For high-resolution respirometry (HRR) experiments, the independent two-side Mann-Whitney U test was applied. Significance was tested based on the 0.05 cut-off, i.e., if the p-value was less than 0.05, the null hypothesis of two groups being equal was rejected. Also, the means and standard deviations (mean ± SD) are reported.

Results

Relationship Between Chelae Forces and Body Properties

After applying the stepwise regression for P. leptodactylus (Table 1), only TL had a significant influence on the F_Av outcome. Regarding the outcome EN, no predictor was significant. The TL and CL were significant for the LV outcome. The same predictors, TL and CL, had a significant effect on the RV outcome. A significant relationship with the outcome C_t was found for CW. No significant relationships were found between chela weight and force variables (Table 2).

TABLE 1

Table 1. Results of the stepwise regression on the body size variables.

TABLE 2

Table 2. Results of the stepwise regression on the chelae weight.

The results for F. limosus (Tables 1, 2) obtained after stepwise regression indicate that CL CW, DMM, and DCM have a significant influence on the F_Av outcome.
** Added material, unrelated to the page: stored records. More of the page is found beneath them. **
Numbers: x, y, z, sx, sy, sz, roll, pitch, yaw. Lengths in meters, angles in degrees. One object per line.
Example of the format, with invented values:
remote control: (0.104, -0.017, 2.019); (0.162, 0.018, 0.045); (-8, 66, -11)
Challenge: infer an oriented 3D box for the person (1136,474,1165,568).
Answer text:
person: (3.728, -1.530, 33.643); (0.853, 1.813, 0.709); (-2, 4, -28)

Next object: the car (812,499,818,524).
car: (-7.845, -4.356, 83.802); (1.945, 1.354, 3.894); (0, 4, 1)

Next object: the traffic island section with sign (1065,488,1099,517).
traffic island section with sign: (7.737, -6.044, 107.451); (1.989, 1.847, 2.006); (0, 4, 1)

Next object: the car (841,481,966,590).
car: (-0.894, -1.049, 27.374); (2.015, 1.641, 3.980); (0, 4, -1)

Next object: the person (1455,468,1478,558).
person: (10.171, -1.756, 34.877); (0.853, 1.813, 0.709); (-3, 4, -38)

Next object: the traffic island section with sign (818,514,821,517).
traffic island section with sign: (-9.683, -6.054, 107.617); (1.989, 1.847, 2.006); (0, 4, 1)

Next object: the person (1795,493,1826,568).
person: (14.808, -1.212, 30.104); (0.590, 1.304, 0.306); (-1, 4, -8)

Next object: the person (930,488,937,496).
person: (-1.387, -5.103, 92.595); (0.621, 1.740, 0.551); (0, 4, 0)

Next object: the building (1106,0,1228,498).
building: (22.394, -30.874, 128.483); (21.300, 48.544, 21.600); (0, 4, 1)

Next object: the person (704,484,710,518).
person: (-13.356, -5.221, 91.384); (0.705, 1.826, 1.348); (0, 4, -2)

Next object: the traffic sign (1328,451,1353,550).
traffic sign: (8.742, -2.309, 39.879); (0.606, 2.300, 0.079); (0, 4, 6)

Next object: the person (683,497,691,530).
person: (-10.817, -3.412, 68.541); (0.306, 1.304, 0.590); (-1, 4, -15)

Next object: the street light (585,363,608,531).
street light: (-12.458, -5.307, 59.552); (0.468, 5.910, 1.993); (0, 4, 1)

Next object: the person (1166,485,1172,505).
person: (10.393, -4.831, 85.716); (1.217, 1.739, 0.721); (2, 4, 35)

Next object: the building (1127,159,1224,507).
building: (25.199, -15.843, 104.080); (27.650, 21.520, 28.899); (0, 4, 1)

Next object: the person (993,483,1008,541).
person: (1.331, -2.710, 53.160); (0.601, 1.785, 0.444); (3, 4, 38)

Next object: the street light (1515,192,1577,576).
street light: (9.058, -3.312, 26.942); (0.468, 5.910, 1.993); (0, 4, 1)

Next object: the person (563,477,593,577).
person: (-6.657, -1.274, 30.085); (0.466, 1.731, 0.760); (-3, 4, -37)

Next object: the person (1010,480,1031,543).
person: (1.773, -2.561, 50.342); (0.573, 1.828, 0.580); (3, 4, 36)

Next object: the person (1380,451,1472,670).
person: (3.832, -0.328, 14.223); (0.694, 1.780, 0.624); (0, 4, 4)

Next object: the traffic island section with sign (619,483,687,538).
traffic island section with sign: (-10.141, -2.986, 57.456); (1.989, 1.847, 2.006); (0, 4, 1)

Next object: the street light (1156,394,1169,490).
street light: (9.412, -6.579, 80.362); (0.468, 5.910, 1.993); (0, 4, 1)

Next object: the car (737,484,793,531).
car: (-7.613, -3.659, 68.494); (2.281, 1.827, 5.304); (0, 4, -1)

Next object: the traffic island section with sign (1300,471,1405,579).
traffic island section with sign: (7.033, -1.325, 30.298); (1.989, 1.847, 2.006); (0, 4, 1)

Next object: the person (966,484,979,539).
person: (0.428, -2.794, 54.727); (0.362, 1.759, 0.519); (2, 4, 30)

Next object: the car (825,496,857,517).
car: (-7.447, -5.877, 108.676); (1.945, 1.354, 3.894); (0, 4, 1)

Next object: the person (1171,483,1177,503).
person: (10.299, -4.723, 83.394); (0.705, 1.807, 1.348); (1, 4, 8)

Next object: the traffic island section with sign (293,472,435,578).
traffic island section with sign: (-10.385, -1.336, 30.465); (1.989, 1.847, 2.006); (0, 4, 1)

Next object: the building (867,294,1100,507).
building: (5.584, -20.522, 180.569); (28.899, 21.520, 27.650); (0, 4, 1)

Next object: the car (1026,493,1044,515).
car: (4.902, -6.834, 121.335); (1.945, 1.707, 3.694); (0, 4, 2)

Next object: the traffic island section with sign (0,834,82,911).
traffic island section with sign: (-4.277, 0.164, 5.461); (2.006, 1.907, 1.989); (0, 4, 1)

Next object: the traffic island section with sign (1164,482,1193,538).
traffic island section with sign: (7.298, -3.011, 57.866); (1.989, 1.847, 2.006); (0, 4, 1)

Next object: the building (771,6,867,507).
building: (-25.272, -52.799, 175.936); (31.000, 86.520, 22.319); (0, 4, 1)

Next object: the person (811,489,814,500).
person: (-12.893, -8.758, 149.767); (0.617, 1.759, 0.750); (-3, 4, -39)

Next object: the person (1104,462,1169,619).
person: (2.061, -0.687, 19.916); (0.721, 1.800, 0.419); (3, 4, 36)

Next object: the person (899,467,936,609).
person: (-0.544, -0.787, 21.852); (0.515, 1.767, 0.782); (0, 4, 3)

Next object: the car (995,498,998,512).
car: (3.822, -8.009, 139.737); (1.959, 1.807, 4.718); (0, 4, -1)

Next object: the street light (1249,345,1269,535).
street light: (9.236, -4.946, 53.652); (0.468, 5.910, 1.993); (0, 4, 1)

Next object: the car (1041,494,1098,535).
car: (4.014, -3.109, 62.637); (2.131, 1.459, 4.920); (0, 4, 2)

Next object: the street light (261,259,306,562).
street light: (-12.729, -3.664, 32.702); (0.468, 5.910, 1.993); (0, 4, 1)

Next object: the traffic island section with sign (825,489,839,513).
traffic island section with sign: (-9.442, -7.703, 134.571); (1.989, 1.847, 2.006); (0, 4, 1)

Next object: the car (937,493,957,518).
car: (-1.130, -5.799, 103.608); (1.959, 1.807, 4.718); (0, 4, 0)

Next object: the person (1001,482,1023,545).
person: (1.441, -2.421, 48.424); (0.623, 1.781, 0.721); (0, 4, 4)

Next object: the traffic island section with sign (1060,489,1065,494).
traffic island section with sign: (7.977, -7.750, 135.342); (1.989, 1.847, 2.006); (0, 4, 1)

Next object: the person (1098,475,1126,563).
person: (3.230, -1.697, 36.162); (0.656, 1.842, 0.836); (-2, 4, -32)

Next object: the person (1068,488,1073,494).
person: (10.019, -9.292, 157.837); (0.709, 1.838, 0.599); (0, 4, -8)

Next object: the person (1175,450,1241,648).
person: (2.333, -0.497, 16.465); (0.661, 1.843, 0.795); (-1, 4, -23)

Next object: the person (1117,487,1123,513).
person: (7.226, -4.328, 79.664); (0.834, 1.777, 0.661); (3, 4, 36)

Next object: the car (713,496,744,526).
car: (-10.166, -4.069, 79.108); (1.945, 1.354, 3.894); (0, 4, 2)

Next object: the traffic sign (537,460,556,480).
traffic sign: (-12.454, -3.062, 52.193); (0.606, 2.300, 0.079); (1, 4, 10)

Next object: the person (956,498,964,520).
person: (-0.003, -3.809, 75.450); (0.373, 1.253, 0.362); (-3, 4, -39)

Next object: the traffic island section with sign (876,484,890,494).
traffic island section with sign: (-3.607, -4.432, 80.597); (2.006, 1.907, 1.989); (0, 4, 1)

For the EN, the same predictors were significant. The CW was significantly related to outcome LV. For the outcome RV, no predictor was significant, whereas for outcome C_t, the variables CL, DMM, and DCM were significant.
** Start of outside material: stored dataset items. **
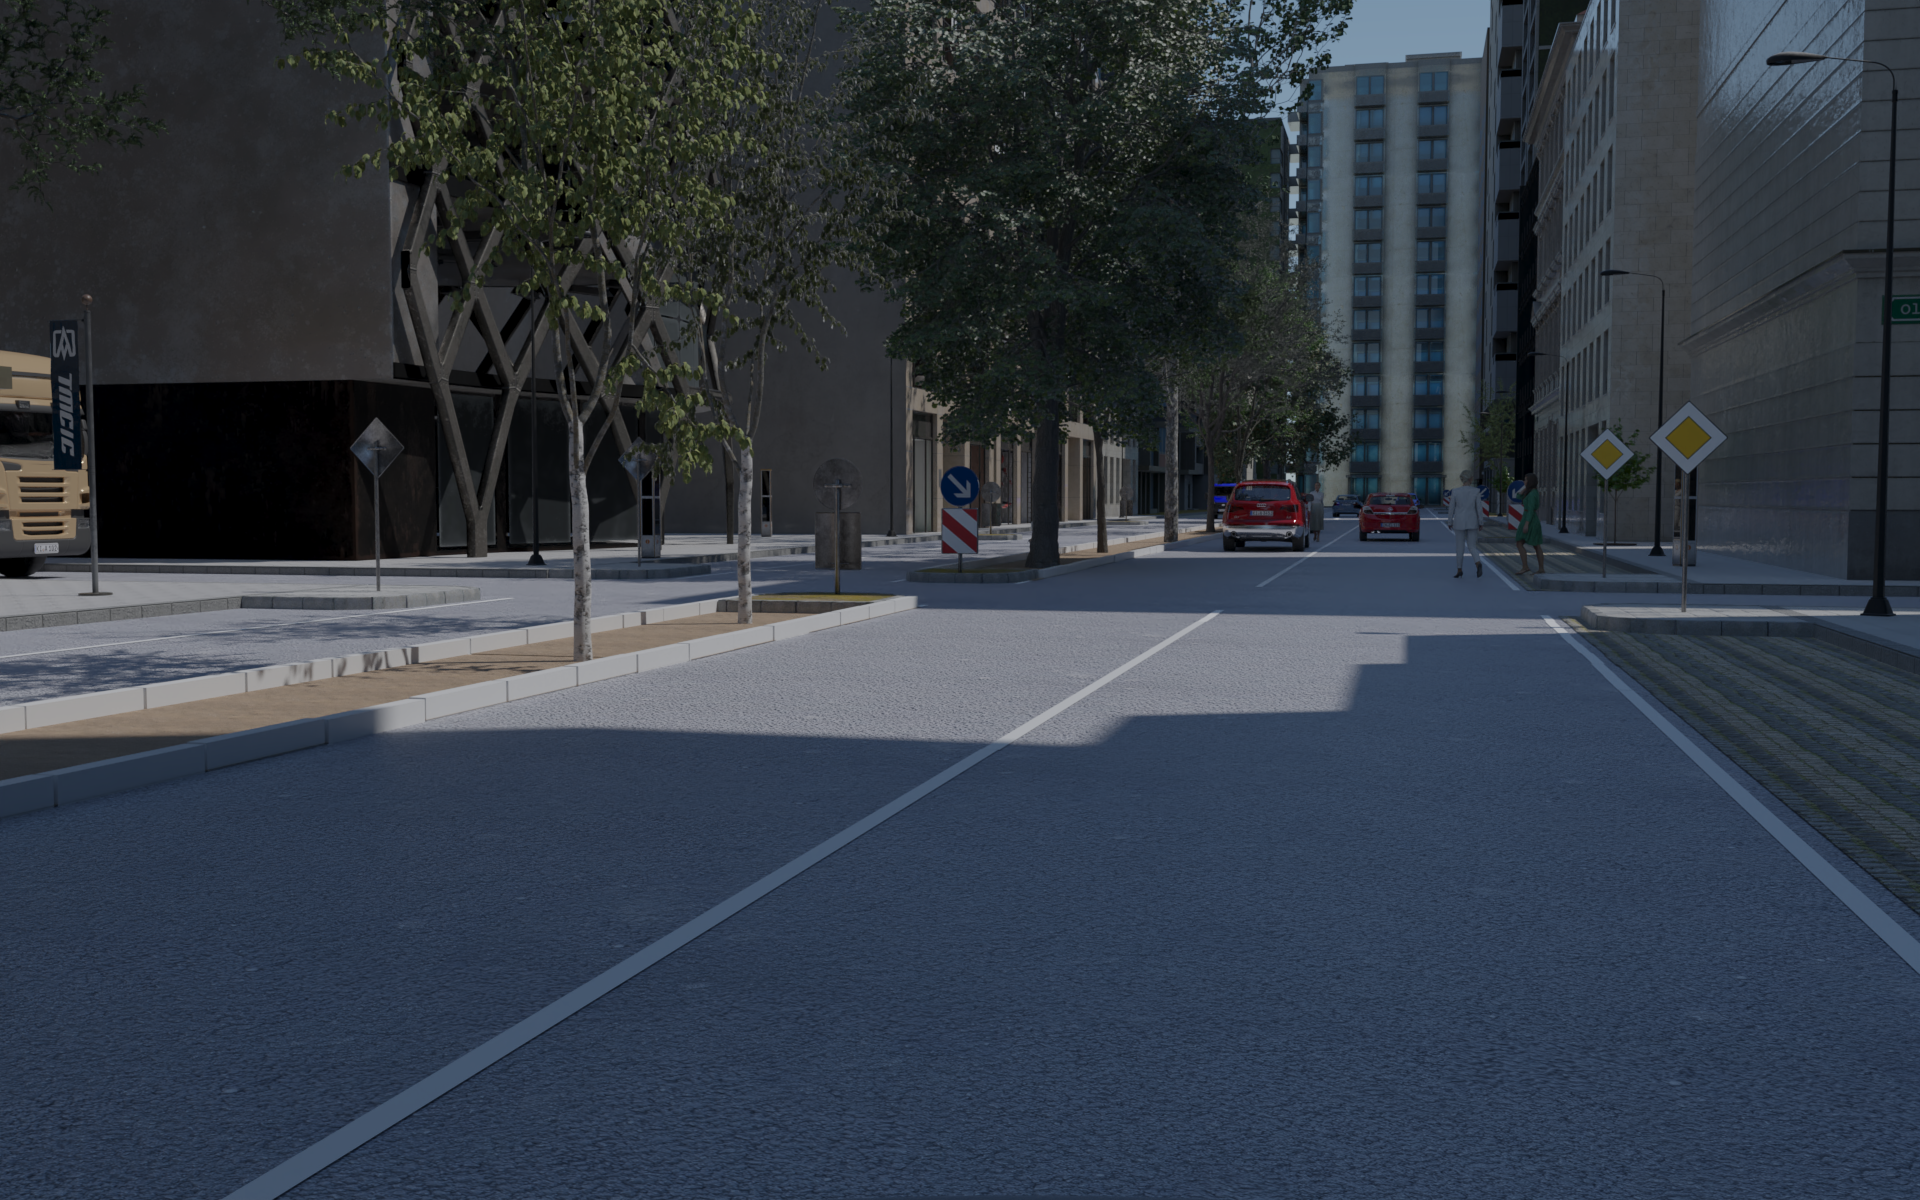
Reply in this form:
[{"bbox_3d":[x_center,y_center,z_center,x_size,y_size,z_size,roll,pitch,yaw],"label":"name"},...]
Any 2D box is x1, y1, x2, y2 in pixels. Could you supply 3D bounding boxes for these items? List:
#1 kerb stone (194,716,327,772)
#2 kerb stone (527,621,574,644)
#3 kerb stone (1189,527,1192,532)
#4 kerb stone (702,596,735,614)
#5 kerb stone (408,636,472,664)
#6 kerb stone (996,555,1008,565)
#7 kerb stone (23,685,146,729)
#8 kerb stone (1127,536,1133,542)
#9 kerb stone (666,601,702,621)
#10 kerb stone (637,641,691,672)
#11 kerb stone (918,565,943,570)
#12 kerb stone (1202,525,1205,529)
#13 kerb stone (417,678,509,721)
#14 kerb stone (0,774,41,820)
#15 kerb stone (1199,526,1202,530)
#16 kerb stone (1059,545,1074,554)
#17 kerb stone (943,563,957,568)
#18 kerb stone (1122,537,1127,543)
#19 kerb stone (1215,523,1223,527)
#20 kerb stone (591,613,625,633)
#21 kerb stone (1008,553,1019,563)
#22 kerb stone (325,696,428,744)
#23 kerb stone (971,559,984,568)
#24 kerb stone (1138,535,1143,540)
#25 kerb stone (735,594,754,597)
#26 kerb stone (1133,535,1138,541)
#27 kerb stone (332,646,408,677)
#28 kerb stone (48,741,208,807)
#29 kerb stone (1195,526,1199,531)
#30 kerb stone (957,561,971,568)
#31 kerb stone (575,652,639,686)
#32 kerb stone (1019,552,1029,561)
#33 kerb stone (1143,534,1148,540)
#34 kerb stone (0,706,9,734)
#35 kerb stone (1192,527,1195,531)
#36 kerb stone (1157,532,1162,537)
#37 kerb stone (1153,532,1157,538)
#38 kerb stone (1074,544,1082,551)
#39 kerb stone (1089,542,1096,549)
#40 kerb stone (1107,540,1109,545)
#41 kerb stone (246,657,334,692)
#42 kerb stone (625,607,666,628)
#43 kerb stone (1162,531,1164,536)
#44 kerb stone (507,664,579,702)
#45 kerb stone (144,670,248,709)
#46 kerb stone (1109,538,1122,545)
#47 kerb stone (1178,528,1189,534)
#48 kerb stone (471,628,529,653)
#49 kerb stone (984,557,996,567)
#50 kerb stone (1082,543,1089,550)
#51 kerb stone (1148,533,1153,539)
[{"bbox_3d":[-3.813,0.781,9.427,0.120,0.150,1.000,1,4,15],"label":"kerb stone"},{"bbox_3d":[-4.028,0.322,16.932,0.120,0.150,1.000,1,4,15],"label":"kerb stone"},{"bbox_3d":[8.513,-2.617,65.081,0.120,0.150,1.000,1,4,15],"label":"kerb stone"},{"bbox_3d":[-2.992,0.080,20.892,0.120,0.150,1.000,1,4,15],"label":"kerb stone"},{"bbox_3d":[-4.545,0.448,14.940,0.120,0.150,1.000,1,4,15],"label":"kerb stone"},{"bbox_3d":[0.756,-0.800,35.282,0.120,0.150,1.000,1,4,15],"label":"kerb stone"},{"bbox_3d":[-5.581,0.686,10.980,0.120,0.150,1.000,1,4,15],"label":"kerb stone"},{"bbox_3d":[4.901,-1.772,51.163,0.120,0.150,1.000,1,4,15],"label":"kerb stone"},{"bbox_3d":[-3.250,0.140,19.901,0.120,0.150,1.000,1,4,15],"label":"kerb stone"},{"bbox_3d":[-2.513,0.480,14.394,0.120,0.150,1.000,1,4,15],"label":"kerb stone"},{"bbox_3d":[-0.539,-0.492,30.323,0.120,0.150,1.000,1,4,15],"label":"kerb stone"},{"bbox_3d":[9.544,-2.864,69.047,0.120,0.150,1.000,1,4,15],"label":"kerb stone"},{"bbox_3d":[-3.295,0.660,11.406,0.120,0.150,1.000,1,4,15],"label":"kerb stone"},{"bbox_3d":[-4.324,0.905,7.444,0.120,0.150,1.000,1,4,15],"label":"kerb stone"},{"bbox_3d":[9.279,-2.801,68.054,0.120,0.150,1.000,1,4,15],"label":"kerb stone"},{"bbox_3d":[2.555,-1.224,42.223,0.120,0.150,1.000,1,4,15],"label":"kerb stone"},{"bbox_3d":[-0.282,-0.556,31.313,0.120,0.150,1.000,1,4,15],"label":"kerb stone"},{"bbox_3d":[4.626,-1.711,50.174,0.120,0.150,1.000,1,4,15],"label":"kerb stone"},{"bbox_3d":[11.345,-3.289,76.000,0.120,0.150,1.000,1,4,15],"label":"kerb stone"},{"bbox_3d":[-3.768,0.264,17.921,0.120,0.150,1.000,1,4,15],"label":"kerb stone"},{"bbox_3d":[1.016,-0.858,36.270,0.120,0.150,1.000,1,4,15],"label":"kerb stone"},{"bbox_3d":[-3.546,0.728,10.414,0.120,0.150,1.000,1,4,15],"label":"kerb stone"},{"bbox_3d":[0.238,-0.679,33.294,0.120,0.150,1.000,1,4,15],"label":"kerb stone"},{"bbox_3d":[5.410,-1.891,53.149,0.120,0.150,1.000,1,4,15],"label":"kerb stone"},{"bbox_3d":[-2.737,0.022,21.882,0.120,0.150,1.000,1,4,15],"label":"kerb stone"},{"bbox_3d":[5.147,-1.832,52.156,0.120,0.150,1.000,1,4,15],"label":"kerb stone"},{"bbox_3d":[-4.798,0.504,13.950,0.120,0.150,1.000,1,4,15],"label":"kerb stone"},{"bbox_3d":[-4.065,0.846,8.433,0.120,0.150,1.000,1,4,15],"label":"kerb stone"},{"bbox_3d":[9.025,-2.742,67.063,0.120,0.150,1.000,1,4,15],"label":"kerb stone"},{"bbox_3d":[-0.023,-0.618,32.306,0.120,0.150,1.000,1,4,15],"label":"kerb stone"},{"bbox_3d":[-2.776,0.538,13.403,0.120,0.150,1.000,1,4,15],"label":"kerb stone"},{"bbox_3d":[1.265,-0.922,37.267,0.120,0.150,1.000,1,4,15],"label":"kerb stone"},{"bbox_3d":[5.663,-1.954,54.139,0.120,0.150,1.000,1,4,15],"label":"kerb stone"},{"bbox_3d":[-5.831,0.747,9.989,0.120,0.150,1.000,1,4,15],"label":"kerb stone"},{"bbox_3d":[8.766,-2.684,66.074,0.120,0.150,1.000,1,4,15],"label":"kerb stone"},{"bbox_3d":[6.434,-2.136,57.115,0.120,0.150,1.000,1,4,15],"label":"kerb stone"},{"bbox_3d":[6.184,-2.075,56.124,0.120,0.150,1.000,1,4,15],"label":"kerb stone"},{"bbox_3d":[2.818,-1.283,43.216,0.120,0.150,1.000,1,4,15],"label":"kerb stone"},{"bbox_3d":[3.331,-1.407,45.201,0.120,0.150,1.000,1,4,15],"label":"kerb stone"},{"bbox_3d":[3.855,-1.526,47.185,0.120,0.150,1.000,1,4,15],"label":"kerb stone"},{"bbox_3d":[-5.058,0.565,12.959,0.120,0.150,1.000,1,4,15],"label":"kerb stone"},{"bbox_3d":[-3.503,0.201,18.911,0.120,0.150,1.000,1,4,15],"label":"kerb stone"},{"bbox_3d":[6.697,-2.197,58.110,0.120,0.150,1.000,1,4,15],"label":"kerb stone"},{"bbox_3d":[-3.036,0.601,12.405,0.120,0.150,1.000,1,4,15],"label":"kerb stone"},{"bbox_3d":[-5.317,0.626,11.967,0.120,0.150,1.000,1,4,15],"label":"kerb stone"},{"bbox_3d":[4.380,-1.644,49.181,0.120,0.150,1.000,1,4,15],"label":"kerb stone"},{"bbox_3d":[8.248,-2.562,64.080,0.120,0.150,1.000,1,4,15],"label":"kerb stone"},{"bbox_3d":[-4.292,0.387,15.944,0.120,0.150,1.000,1,4,15],"label":"kerb stone"},{"bbox_3d":[0.493,-0.738,34.284,0.120,0.150,1.000,1,4,15],"label":"kerb stone"},{"bbox_3d":[3.074,-1.342,44.206,0.120,0.150,1.000,1,4,15],"label":"kerb stone"},{"bbox_3d":[5.926,-2.012,55.129,0.120,0.150,1.000,1,4,15],"label":"kerb stone"}]

To understand the differences in the results obtained for the two investigated species, the body variables that were significant (TL, CL, CW, DMM, and DCM) for at least one of the force variables were compared using the two-sample t-test, as all of the variables are normally distributed. Testing the one-sided hypothesis that the mean values of P. leptodactylus are greater than those of F. limosus, the values for TL, CL, CW, DMM, and DCM were significant. To visualise those significant differences, we refer readers to Figures 2A–E.

FIGURE 2

Figure 2. Boxplots showing the difference between P. leptodactylus and F. limosus for the statistically relevant variables: (A) total length (TL), (B) chela length (CL), (C) chela width (CW), (D) dry chela muscle mass (DMM), and (E) dry chela cuticle mass (DCM). Values represent means ± SD.

Boldness Assessment

Of all tested specimens, 5.8% of P. leptodactylus and 29.6% of F. limosus completely crossed the arena ramp. The Mann-Whitney U test was significant (P < 0.05) in the tcrs of the two species; F. limosus managed to cross the arena ramp much faster than P. leptodactylus. Analysis of the TL of the crayfish revealed no influence on the complete crossing success, with the logistic regression model (Table 3) showing no significant relationship between TL and the binary sa variable (0/1).

TABLE 3

Table 3. Parameter estimates for logistic regression relationship models between crayfish total length (TL) and the binary successful attempts to escape (sa variable) to assess boldness behaviour.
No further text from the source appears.